10. **OpenAI gpt-5 quirks for our schema**: it sometimes emits `default: ""` (empty string) for slider params, which then becomes `value=0` in `mo.ui.slider(min=1, ...)` → `Value out of bounds`. Both `_num_default` (template) and `_coerce_default` (prerender) now clamp to `[min, max]`. Dropdown defaults that aren't in `options` fall back to `options[0]`. Lesson: every LLM that fills a Pydantic schema needs validation downstream — don't trust `default` is well-formed.

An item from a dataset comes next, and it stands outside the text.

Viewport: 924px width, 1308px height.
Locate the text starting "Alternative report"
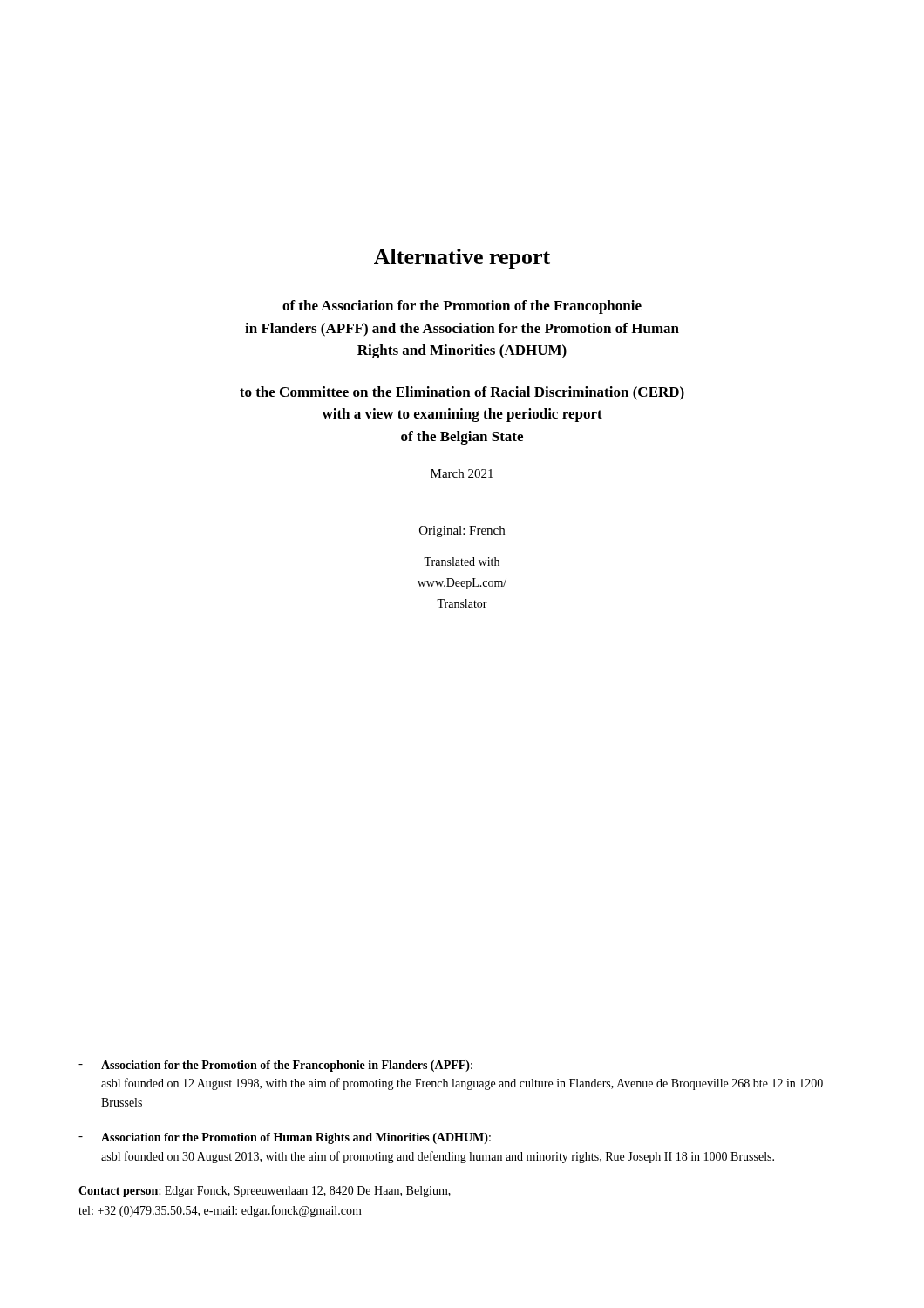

11. **OpenAI structured output API**: `client.beta.chat.completions.parse(model=..., messages=..., response_format=PydanticModel)` returns `resp.choices[0].message.parsed` as a typed instance. Way nicer than Gemini's `response_schema=Model + .model_validate_json(text)`.

12. **Gemini 2.5-pro 503 UNAVAILABLE under load** — caused a hard fail mid-pipeline. We added retries + a verify→fallback-to-draft path, but eventually the user just told us to drop Gemini and use OpenAI. Lesson: any single-LLM pipeline needs retry + graceful fallback for transient overload.

**How to apply:** Whenever the LLM-generated reproduction or viz code starts erroring, re-check this list before changing the template. Most issues are prompt-fixable.